Records from a data source

****

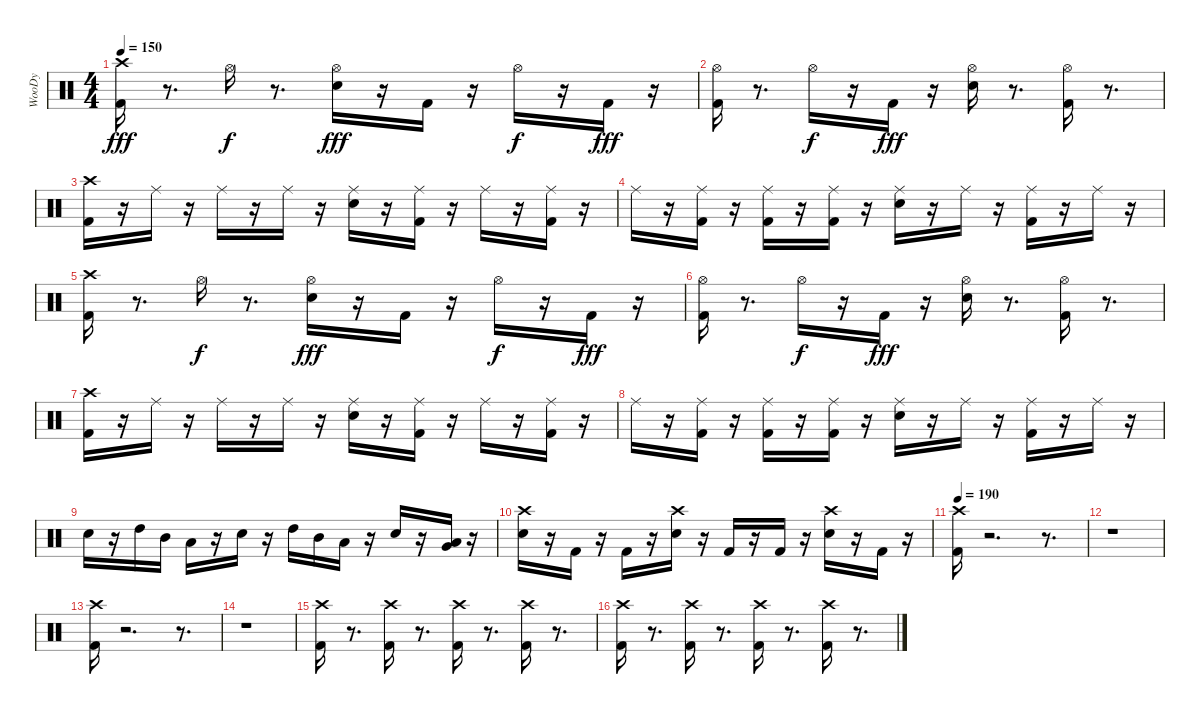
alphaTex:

\track ("WooDy" "WooDy") {instrument percussion}
\staff {score}
\articulation defaults
\ts (4 4)
\tempo 150
\clef neutral
\ks c
("Kick (hit) 2" "Crash high (hit)").16{dy fff} r.8{d} "Hi-Hat (open)".16{dy f} r.8{d} ("Snare (hit) 2" "Hi-Hat (open)").16{dy fff} r.16 "Kick (hit) 2".16 r.16 "Hi-Hat (open)".16{dy f} r.16 "Kick (hit) 2".16{dy fff} r.16 |
("Kick (hit) 2" "Hi-Hat (open)").16 r.8{d} "Hi-Hat (open)".16{dy f} r.16 "Kick (hit) 2".16{dy fff} r.16 ("Snare (hit) 2" "Hi-Hat (open)").16 r.8{d} ("Kick (hit) 2" "Hi-Hat (open)").16 r.8{d} |
("Kick (hit) 2" "Crash high (hit)").16 r.16 "Ride (middle)".16 r.16 "Ride (middle)".16 r.16 "Ride (middle)".16 r.16 ("Snare (hit) 2" "Ride (middle)").16 r.16 ("Kick (hit) 2" "Ride (middle)").16 r.16 "Ride (middle)".16 r.16 ("Kick (hit) 2" "Ride (middle)").16 r.16 |
"Ride (middle)".16 r.16 ("Kick (hit) 2" "Ride (middle)").16 r.16 ("Kick (hit) 2" "Ride (middle)").16 r.16 ("Kick (hit) 2" "Ride (middle)").16 r.16 ("Snare (hit) 2" "Ride (middle)").16 r.16 "Ride (middle)".16 r.16 ("Kick (hit) 2" "Ride (middle)").16 r.16 "Ride (middle)".16 r.16 |
("Kick (hit) 2" "Crash high (hit)").16 r.8{d} "Hi-Hat (open)".16{dy f} r.8{d} ("Snare (hit) 2" "Hi-Hat (open)").16{dy fff} r.16 "Kick (hit) 2".16 r.16 "Hi-Hat (open)".16{dy f} r.16 "Kick (hit) 2".16{dy fff} r.16 |
("Kick (hit) 2" "Hi-Hat (open)").16 r.8{d} "Hi-Hat (open)".16{dy f} r.16 "Kick (hit) 2".16{dy fff} r.16 ("Snare (hit) 2" "Hi-Hat (open)").16 r.8{d} ("Kick (hit) 2" "Hi-Hat (open)").16 r.8{d} |
("Kick (hit) 2" "Crash high (hit)").16 r.16 "Ride (middle)".16 r.16 "Ride (middle)".16 r.16 "Ride (middle)".16 r.16 ("Snare (hit) 2" "Ride (middle)").16 r.16 ("Kick (hit) 2" "Ride (middle)").16 r.16 "Ride (middle)".16 r.16 ("Kick (hit) 2" "Ride (middle)").16 r.16 |
"Ride (middle)".16 r.16 ("Kick (hit) 2" "Ride (middle)").16 r.16 ("Kick (hit) 2" "Ride (middle)").16 r.16 ("Kick (hit) 2" "Ride (middle)").16 r.16 ("Snare (hit) 2" "Ride (middle)").16 r.16 "Ride (middle)".16 r.16 ("Kick (hit) 2" "Ride (middle)").16 r.16 "Ride (middle)".16 r.16 |
"Snare (hit) 2".16 r.16 "High Tom (hit)".16 "Mid Tom (hit)".16 "Low Tom (hit)".16 r.16 "Snare (hit) 2".16 r.16 "High Tom (hit)".16 "Mid Tom (hit)".16 "Low Tom (hit)".16 r.16 "Snare (hit) 2".16 r.16 ("Very Low Tom (hit)" "Low Tom (hit)").16 r.16 |
("Snare (hit) 2" "Crash high (hit)").16 r.16 "Kick (hit) 2".16 r.16 "Kick (hit) 2".16 r.16 ("Snare (hit) 2" "Crash high (hit)").16 r.16 "Kick (hit) 2".16 r.16 "Kick (hit) 2".16 r.16 ("Snare (hit) 2" "Crash high (hit)").16 r.16 "Kick (hit) 2".16 r.16 |
\tempo 190
("Kick (hit) 2" "Crash high (hit)").16 r.2{d} r.8{d} |
r.1 |
("Kick (hit) 2" "Crash high (hit)").16 r.2{d} r.8{d} |
r.1 |
("Kick (hit) 2" "Crash high (hit)").16 r.8{d} ("Kick (hit) 2" "Crash high (hit)").16 r.8{d} ("Kick (hit) 2" "Crash high (hit)").16 r.8{d} ("Kick (hit) 2" "Crash high (hit)").16 r.8{d} |
("Kick (hit) 2" "Crash high (hit)").16 r.8{d} ("Kick (hit) 2" "Crash high (hit)").16 r.8{d} ("Kick (hit) 2" "Crash high (hit)").16 r.8{d} ("Kick (hit) 2" "Crash high (hit)").16 r.8{d}

****

■ Exercise goal
Could the entries above be returned verbatim, with no pictures included?

■ Expected answer
alphaTex:

\track ("WooDy" "WooDy") {instrument percussion}
\staff {score}
\articulation defaults
\ts (4 4)
\tempo 150
\clef neutral
\ks c
("Kick (hit) 2" "Crash high (hit)").16{dy fff} r.8{d} "Hi-Hat (open)".16{dy f} r.8{d} ("Snare (hit) 2" "Hi-Hat (open)").16{dy fff} r.16 "Kick (hit) 2".16 r.16 "Hi-Hat (open)".16{dy f} r.16 "Kick (hit) 2".16{dy fff} r.16 |
("Kick (hit) 2" "Hi-Hat (open)").16 r.8{d} "Hi-Hat (open)".16{dy f} r.16 "Kick (hit) 2".16{dy fff} r.16 ("Snare (hit) 2" "Hi-Hat (open)").16 r.8{d} ("Kick (hit) 2" "Hi-Hat (open)").16 r.8{d} |
("Kick (hit) 2" "Crash high (hit)").16 r.16 "Ride (middle)".16 r.16 "Ride (middle)".16 r.16 "Ride (middle)".16 r.16 ("Snare (hit) 2" "Ride (middle)").16 r.16 ("Kick (hit) 2" "Ride (middle)").16 r.16 "Ride (middle)".16 r.16 ("Kick (hit) 2" "Ride (middle)").16 r.16 |
"Ride (middle)".16 r.16 ("Kick (hit) 2" "Ride (middle)").16 r.16 ("Kick (hit) 2" "Ride (middle)").16 r.16 ("Kick (hit) 2" "Ride (middle)").16 r.16 ("Snare (hit) 2" "Ride (middle)").16 r.16 "Ride (middle)".16 r.16 ("Kick (hit) 2" "Ride (middle)").16 r.16 "Ride (middle)".16 r.16 |
("Kick (hit) 2" "Crash high (hit)").16 r.8{d} "Hi-Hat (open)".16{dy f} r.8{d} ("Snare (hit) 2" "Hi-Hat (open)").16{dy fff} r.16 "Kick (hit) 2".16 r.16 "Hi-Hat (open)".16{dy f} r.16 "Kick (hit) 2".16{dy fff} r.16 |
("Kick (hit) 2" "Hi-Hat (open)").16 r.8{d} "Hi-Hat (open)".16{dy f} r.16 "Kick (hit) 2".16{dy fff} r.16 ("Snare (hit) 2" "Hi-Hat (open)").16 r.8{d} ("Kick (hit) 2" "Hi-Hat (open)").16 r.8{d} |
("Kick (hit) 2" "Crash high (hit)").16 r.16 "Ride (middle)".16 r.16 "Ride (middle)".16 r.16 "Ride (middle)".16 r.16 ("Snare (hit) 2" "Ride (middle)").16 r.16 ("Kick (hit) 2" "Ride (middle)").16 r.16 "Ride (middle)".16 r.16 ("Kick (hit) 2" "Ride (middle)").16 r.16 |
"Ride (middle)".16 r.16 ("Kick (hit) 2" "Ride (middle)").16 r.16 ("Kick (hit) 2" "Ride (middle)").16 r.16 ("Kick (hit) 2" "Ride (middle)").16 r.16 ("Snare (hit) 2" "Ride (middle)").16 r.16 "Ride (middle)".16 r.16 ("Kick (hit) 2" "Ride (middle)").16 r.16 "Ride (middle)".16 r.16 |
"Snare (hit) 2".16 r.16 "High Tom (hit)".16 "Mid Tom (hit)".16 "Low Tom (hit)".16 r.16 "Snare (hit) 2".16 r.16 "High Tom (hit)".16 "Mid Tom (hit)".16 "Low Tom (hit)".16 r.16 "Snare (hit) 2".16 r.16 ("Very Low Tom (hit)" "Low Tom (hit)").16 r.16 |
("Snare (hit) 2" "Crash high (hit)").16 r.16 "Kick (hit) 2".16 r.16 "Kick (hit) 2".16 r.16 ("Snare (hit) 2" "Crash high (hit)").16 r.16 "Kick (hit) 2".16 r.16 "Kick (hit) 2".16 r.16 ("Snare (hit) 2" "Crash high (hit)").16 r.16 "Kick (hit) 2".16 r.16 |
\tempo 190
("Kick (hit) 2" "Crash high (hit)").16 r.2{d} r.8{d} |
r.1 |
("Kick (hit) 2" "Crash high (hit)").16 r.2{d} r.8{d} |
r.1 |
("Kick (hit) 2" "Crash high (hit)").16 r.8{d} ("Kick (hit) 2" "Crash high (hit)").16 r.8{d} ("Kick (hit) 2" "Crash high (hit)").16 r.8{d} ("Kick (hit) 2" "Crash high (hit)").16 r.8{d} |
("Kick (hit) 2" "Crash high (hit)").16 r.8{d} ("Kick (hit) 2" "Crash high (hit)").16 r.8{d} ("Kick (hit) 2" "Crash high (hit)").16 r.8{d} ("Kick (hit) 2" "Crash high (hit)").16 r.8{d}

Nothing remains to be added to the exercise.